_Exercise:_ Using the data beneath this instruction, retype only the lines from the one that contains "Numbers: x, y, z, sx, sy, sz, roll, pitch, yaw." down to the one that contains "2) car <box>499,258,525,281</box>", both included, exactly as they appear.

Data for this task Start Marker

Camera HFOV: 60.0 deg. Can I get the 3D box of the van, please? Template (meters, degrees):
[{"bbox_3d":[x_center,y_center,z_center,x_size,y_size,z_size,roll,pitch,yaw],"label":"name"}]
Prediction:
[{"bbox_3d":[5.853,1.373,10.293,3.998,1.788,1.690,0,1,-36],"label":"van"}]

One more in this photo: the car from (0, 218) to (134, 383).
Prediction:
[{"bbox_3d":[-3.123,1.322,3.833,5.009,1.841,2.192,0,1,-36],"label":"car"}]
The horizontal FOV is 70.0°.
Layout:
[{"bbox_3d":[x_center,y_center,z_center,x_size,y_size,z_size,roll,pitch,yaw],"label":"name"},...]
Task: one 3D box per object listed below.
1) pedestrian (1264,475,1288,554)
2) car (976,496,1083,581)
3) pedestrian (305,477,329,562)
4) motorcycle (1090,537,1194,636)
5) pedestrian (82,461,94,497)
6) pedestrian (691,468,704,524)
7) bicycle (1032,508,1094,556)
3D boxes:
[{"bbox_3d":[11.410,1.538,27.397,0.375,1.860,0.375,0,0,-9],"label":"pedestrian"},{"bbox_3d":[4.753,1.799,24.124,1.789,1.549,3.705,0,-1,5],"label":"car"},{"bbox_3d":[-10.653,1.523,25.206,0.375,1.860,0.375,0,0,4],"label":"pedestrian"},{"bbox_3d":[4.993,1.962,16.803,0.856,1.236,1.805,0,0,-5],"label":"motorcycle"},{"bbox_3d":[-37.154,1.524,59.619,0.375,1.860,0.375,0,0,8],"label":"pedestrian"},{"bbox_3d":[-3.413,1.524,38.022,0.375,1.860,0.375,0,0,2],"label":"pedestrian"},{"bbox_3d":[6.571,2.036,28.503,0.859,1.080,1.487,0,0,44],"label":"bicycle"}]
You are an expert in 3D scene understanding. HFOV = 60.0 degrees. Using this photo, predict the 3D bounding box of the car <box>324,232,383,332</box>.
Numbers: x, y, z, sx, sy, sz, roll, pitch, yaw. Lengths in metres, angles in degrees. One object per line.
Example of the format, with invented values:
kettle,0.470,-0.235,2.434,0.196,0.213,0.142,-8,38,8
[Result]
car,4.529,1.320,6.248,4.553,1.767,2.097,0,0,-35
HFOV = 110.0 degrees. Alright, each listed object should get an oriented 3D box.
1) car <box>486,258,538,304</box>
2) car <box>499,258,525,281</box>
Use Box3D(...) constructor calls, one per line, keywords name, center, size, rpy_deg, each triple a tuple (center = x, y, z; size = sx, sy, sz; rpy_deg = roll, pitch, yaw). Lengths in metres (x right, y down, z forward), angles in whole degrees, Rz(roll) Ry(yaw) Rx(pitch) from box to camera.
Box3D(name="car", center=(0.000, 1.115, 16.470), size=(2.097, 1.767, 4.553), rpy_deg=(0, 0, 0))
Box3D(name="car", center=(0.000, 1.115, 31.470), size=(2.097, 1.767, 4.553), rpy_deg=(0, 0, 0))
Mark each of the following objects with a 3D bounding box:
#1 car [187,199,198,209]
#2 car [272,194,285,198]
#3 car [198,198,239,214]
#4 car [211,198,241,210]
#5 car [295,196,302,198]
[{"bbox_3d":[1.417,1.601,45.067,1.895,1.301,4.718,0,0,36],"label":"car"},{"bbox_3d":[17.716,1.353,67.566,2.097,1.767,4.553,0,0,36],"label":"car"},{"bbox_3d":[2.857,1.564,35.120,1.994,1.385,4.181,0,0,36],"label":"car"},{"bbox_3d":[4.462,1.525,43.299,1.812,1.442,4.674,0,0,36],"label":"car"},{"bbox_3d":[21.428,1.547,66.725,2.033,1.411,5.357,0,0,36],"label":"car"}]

Data for this task End Marker

_Answer to this task:_
Numbers: x, y, z, sx, sy, sz, roll, pitch, yaw. Lengths in metres, angles in degrees. One object per line.
Example of the format, with invented values:
kettle,0.470,-0.235,2.434,0.196,0.213,0.142,-8,38,8
[Result]
car,4.529,1.320,6.248,4.553,1.767,2.097,0,0,-35
HFOV = 110.0 degrees. Alright, each listed object should get an oriented 3D box.
1) car <box>486,258,538,304</box>
2) car <box>499,258,525,281</box>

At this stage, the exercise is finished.